What to work on → The records are to be restated in their entirety, word for word.

(Dataset excerpts)
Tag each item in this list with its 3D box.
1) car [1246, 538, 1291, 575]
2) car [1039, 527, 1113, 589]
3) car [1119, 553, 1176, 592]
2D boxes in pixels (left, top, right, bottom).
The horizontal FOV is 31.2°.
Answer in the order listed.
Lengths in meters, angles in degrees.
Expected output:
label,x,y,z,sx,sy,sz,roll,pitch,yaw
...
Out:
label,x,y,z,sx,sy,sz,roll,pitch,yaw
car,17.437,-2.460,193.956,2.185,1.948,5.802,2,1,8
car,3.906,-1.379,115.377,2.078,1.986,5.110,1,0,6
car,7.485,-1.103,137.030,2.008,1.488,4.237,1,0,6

Exercise answer →
Tag each item in this list with its 3D box.
1) car [1246, 538, 1291, 575]
2) car [1039, 527, 1113, 589]
3) car [1119, 553, 1176, 592]
2D boxes in pixels (left, top, right, bottom).
The horizontal FOV is 31.2°.
Answer in the order listed.
Lengths in meters, angles in degrees.
Expected output:
label,x,y,z,sx,sy,sz,roll,pitch,yaw
...
Out:
label,x,y,z,sx,sy,sz,roll,pitch,yaw
car,17.437,-2.460,193.956,2.185,1.948,5.802,2,1,8
car,3.906,-1.379,115.377,2.078,1.986,5.110,1,0,6
car,7.485,-1.103,137.030,2.008,1.488,4.237,1,0,6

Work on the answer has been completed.